Data records
********

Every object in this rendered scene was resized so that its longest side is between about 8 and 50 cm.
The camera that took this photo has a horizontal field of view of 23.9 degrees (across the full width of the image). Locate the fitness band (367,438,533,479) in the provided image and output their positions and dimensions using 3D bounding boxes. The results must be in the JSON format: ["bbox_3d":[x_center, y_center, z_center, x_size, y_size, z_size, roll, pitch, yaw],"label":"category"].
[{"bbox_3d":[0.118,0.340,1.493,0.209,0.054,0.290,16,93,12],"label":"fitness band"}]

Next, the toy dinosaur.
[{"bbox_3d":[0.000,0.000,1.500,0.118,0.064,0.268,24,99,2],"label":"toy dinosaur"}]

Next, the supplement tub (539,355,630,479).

********

● **Your instructions**
Print the records again in full, exactly as they appear above.

● **Written solution**
Every object in this rendered scene was resized so that its longest side is between about 8 and 50 cm.
The camera that took this photo has a horizontal field of view of 23.9 degrees (across the full width of the image). Locate the fitness band (367,438,533,479) in the provided image and output their positions and dimensions using 3D bounding boxes. The results must be in the JSON format: ["bbox_3d":[x_center, y_center, z_center, x_size, y_size, z_size, roll, pitch, yaw],"label":"category"].
[{"bbox_3d":[0.118,0.340,1.493,0.209,0.054,0.290,16,93,12],"label":"fitness band"}]

Next, the toy dinosaur.
[{"bbox_3d":[0.000,0.000,1.500,0.118,0.064,0.268,24,99,2],"label":"toy dinosaur"}]

Next, the supplement tub (539,355,630,479).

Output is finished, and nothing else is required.